= Exercise objective =
Reproduce each line from the records that holds "Numbers".

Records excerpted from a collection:

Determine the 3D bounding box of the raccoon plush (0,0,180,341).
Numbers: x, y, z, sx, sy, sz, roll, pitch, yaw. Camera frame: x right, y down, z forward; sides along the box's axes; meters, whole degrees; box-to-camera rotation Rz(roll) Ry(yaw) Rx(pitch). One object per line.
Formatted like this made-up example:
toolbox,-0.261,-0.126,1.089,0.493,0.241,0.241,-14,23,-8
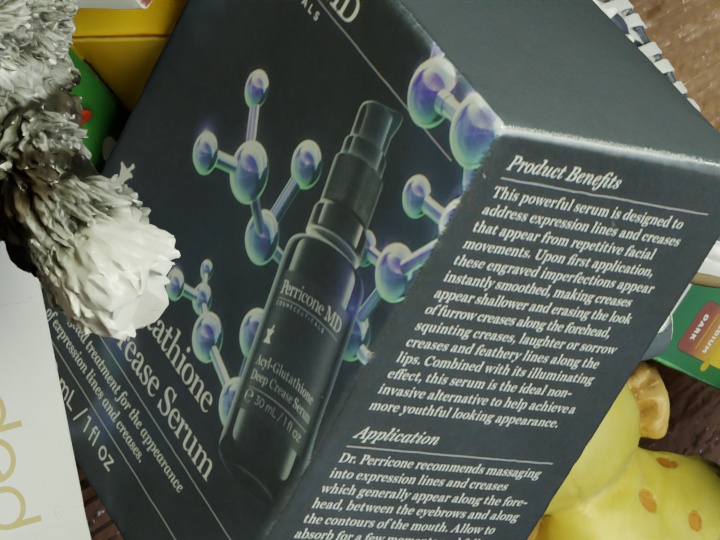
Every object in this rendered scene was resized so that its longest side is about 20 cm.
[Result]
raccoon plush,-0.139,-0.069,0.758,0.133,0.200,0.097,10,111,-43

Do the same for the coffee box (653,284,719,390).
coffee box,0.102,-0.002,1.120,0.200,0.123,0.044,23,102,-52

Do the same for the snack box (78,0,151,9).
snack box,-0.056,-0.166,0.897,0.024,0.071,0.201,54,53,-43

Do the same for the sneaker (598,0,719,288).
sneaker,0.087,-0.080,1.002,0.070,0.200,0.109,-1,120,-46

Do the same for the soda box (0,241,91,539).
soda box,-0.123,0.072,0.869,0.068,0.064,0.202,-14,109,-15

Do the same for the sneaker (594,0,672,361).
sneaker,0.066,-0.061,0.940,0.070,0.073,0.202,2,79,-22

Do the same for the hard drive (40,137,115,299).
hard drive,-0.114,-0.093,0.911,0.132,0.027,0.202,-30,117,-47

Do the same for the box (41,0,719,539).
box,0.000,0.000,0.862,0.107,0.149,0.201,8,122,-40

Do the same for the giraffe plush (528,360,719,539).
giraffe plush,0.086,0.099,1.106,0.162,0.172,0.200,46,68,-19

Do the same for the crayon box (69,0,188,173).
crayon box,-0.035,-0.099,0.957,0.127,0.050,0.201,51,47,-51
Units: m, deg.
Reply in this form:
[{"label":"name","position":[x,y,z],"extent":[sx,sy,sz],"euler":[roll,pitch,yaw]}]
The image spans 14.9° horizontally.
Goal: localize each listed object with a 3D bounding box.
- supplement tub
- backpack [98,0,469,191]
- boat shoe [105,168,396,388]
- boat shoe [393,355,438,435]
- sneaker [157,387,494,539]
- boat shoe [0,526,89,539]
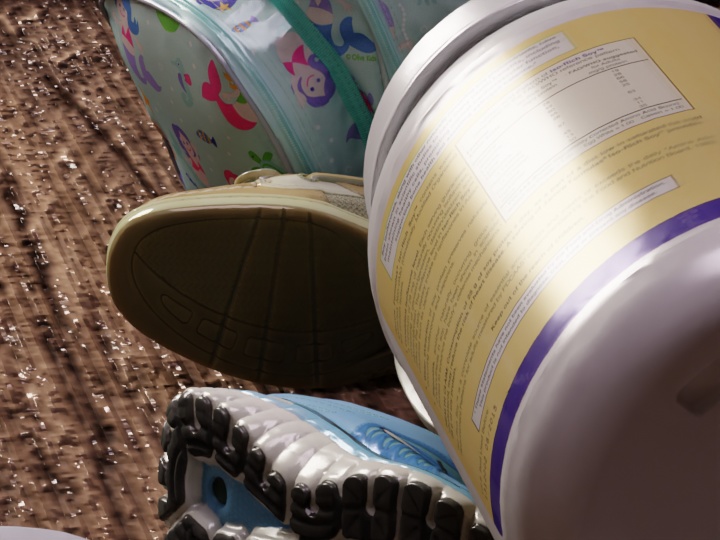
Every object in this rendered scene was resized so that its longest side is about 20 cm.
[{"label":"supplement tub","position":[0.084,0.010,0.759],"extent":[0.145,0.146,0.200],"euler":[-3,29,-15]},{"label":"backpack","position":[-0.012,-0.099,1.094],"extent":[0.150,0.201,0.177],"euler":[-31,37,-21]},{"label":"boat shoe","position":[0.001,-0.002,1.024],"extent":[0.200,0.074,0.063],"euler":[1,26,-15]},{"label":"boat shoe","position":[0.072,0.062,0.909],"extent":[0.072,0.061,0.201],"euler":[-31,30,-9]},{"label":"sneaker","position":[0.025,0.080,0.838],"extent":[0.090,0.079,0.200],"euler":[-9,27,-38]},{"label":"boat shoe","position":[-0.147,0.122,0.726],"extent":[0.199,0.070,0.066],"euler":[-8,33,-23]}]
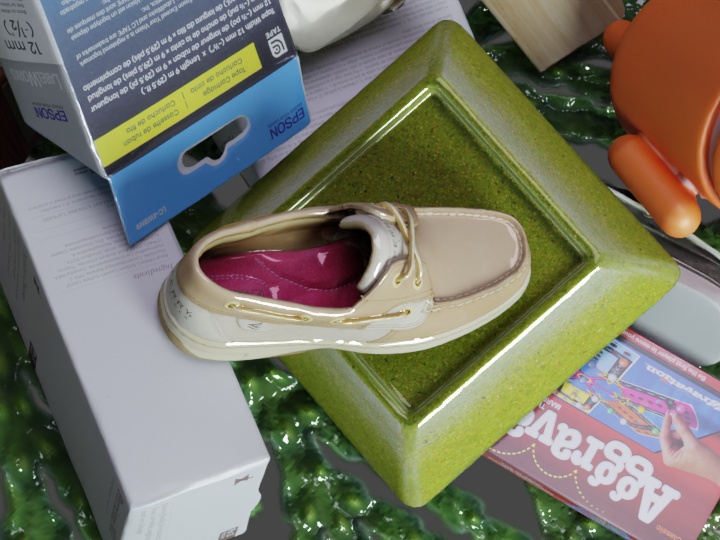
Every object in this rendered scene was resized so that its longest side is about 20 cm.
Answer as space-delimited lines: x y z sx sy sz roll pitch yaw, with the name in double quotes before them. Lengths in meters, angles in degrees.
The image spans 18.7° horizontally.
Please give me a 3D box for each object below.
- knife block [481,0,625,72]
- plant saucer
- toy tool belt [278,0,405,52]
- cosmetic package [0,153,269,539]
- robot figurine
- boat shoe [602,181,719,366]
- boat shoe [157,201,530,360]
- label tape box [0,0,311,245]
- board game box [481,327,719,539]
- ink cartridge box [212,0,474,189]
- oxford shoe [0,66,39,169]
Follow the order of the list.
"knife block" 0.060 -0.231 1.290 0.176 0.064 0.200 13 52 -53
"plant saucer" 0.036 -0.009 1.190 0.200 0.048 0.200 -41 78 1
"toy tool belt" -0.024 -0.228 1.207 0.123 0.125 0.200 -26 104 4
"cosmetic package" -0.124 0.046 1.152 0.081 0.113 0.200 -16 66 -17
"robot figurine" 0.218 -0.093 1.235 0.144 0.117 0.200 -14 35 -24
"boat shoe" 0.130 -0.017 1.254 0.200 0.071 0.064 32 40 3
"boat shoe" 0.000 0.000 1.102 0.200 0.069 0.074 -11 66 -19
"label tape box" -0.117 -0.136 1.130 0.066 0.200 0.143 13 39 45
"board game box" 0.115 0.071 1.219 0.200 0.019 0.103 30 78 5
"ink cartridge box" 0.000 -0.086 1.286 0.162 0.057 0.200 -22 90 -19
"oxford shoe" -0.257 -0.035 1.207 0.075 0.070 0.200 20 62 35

* * *

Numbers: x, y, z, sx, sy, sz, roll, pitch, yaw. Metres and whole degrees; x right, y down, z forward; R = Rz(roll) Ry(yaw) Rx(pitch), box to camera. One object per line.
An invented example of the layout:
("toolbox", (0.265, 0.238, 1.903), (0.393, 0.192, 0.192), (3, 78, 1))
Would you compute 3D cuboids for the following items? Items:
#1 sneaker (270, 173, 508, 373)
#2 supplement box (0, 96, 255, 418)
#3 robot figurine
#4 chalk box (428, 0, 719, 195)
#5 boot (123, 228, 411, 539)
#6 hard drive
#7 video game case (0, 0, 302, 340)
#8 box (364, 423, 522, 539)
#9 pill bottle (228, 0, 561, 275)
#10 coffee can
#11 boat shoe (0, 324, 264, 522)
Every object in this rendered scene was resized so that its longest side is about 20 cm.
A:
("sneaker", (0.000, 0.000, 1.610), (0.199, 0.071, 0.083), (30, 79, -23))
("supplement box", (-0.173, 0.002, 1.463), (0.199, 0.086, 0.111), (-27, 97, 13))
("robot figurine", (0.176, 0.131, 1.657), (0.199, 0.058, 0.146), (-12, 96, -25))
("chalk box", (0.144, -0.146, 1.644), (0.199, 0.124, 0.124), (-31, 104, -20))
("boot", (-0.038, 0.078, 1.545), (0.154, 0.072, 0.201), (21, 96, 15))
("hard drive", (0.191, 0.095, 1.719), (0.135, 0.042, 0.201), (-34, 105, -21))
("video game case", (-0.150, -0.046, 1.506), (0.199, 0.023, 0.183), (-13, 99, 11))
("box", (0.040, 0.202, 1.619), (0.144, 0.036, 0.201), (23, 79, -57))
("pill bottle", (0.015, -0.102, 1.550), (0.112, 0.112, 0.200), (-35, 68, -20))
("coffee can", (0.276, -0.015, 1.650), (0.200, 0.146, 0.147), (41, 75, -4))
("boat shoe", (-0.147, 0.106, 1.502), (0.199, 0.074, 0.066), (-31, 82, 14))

--

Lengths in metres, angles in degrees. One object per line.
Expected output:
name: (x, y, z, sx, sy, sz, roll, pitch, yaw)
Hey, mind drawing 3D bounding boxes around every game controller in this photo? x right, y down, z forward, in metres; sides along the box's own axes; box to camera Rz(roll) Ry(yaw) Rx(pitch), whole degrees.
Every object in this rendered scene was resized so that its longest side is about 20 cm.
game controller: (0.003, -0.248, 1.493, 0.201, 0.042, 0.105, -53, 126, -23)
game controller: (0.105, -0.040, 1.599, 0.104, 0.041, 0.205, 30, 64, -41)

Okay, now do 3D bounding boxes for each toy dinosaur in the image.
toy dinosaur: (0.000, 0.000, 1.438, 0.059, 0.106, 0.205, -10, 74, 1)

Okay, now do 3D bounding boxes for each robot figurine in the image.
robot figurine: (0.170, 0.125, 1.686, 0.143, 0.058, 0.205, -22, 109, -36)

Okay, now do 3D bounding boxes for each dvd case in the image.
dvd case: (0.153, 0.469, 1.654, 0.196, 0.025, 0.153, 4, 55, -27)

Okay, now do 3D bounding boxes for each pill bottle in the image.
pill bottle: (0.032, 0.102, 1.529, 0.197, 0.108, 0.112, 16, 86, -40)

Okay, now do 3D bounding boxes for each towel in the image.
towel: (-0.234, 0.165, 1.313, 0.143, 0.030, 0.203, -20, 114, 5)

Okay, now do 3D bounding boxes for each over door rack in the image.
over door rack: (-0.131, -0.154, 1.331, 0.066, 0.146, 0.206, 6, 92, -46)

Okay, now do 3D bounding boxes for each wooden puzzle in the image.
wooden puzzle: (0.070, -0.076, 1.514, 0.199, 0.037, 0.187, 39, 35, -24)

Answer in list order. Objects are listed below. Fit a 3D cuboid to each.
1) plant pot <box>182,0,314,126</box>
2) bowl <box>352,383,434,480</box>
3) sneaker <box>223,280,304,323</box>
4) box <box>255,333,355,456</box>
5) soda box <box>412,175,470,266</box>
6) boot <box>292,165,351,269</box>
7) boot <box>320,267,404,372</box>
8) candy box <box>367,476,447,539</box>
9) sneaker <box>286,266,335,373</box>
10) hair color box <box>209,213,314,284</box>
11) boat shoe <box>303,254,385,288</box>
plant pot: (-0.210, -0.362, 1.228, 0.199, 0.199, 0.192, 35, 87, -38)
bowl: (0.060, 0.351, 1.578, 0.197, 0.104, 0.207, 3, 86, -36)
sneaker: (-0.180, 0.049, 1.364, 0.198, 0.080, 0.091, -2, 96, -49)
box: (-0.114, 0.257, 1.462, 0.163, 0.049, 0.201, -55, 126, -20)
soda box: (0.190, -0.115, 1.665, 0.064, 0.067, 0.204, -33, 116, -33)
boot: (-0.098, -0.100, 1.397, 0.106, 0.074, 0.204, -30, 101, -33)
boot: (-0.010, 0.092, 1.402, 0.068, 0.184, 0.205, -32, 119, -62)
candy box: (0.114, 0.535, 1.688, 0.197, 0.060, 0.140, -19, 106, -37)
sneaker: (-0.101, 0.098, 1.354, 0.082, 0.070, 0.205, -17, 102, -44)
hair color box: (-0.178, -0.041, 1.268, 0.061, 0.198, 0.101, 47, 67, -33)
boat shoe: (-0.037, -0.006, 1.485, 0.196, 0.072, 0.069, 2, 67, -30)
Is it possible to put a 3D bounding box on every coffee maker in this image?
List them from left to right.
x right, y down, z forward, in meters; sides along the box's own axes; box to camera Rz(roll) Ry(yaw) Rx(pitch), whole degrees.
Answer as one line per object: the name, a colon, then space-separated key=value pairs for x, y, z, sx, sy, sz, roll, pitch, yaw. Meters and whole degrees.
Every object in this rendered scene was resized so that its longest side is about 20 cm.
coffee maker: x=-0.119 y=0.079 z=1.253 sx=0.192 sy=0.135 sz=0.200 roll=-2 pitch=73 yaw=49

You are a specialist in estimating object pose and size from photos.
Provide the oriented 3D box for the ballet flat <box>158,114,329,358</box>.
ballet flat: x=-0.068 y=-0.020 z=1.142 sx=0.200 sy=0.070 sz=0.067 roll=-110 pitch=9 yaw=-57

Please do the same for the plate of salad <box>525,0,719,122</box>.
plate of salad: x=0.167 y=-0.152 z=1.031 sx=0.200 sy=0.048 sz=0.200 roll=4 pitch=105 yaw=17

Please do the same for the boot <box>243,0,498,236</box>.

= Exercise result =
Numbers: x, y, z, sx, sy, sz, roll, pitch, yaw. Camera frame: x right, y down, z forward; sides along the box's axes; meters, whole degrees; box-to-camera rotation Rz(roll) Ry(yaw) Rx(pitch). One object per line.
Numbers: x, y, z, sx, sy, sz, roll, pitch, yaw. Metres and whole degrees; x right, y down, z forward; R = Rz(roll) Ry(yaw) Rx(pitch), box to camera. One object per line.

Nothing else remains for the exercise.